## [What you should do]
Restate all the data exactly, so that each line is the same as before.

## [Source records]
******

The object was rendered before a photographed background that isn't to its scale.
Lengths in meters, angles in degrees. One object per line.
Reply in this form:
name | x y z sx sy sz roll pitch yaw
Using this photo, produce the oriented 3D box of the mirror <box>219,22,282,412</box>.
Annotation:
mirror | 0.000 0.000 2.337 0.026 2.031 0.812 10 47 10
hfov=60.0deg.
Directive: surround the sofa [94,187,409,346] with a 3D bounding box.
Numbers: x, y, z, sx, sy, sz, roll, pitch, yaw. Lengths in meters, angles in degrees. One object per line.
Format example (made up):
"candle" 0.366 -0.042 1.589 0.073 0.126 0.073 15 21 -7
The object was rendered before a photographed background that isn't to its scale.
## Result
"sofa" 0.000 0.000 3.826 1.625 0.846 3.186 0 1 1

******

## [Solution for this exercise]
The object was rendered before a photographed background that isn't to its scale.
Lengths in meters, angles in degrees. One object per line.
Reply in this form:
name | x y z sx sy sz roll pitch yaw
Using this photo, produce the oriented 3D box of the mirror <box>219,22,282,412</box>.
Annotation:
mirror | 0.000 0.000 2.337 0.026 2.031 0.812 10 47 10
hfov=60.0deg.
Directive: surround the sofa [94,187,409,346] with a 3D bounding box.
Numbers: x, y, z, sx, sy, sz, roll, pitch, yaw. Lengths in meters, angles in degrees. One object per line.
Format example (made up):
"candle" 0.366 -0.042 1.589 0.073 0.126 0.073 15 21 -7
The object was rendered before a photographed background that isn't to its scale.
## Result
"sofa" 0.000 0.000 3.826 1.625 0.846 3.186 0 1 1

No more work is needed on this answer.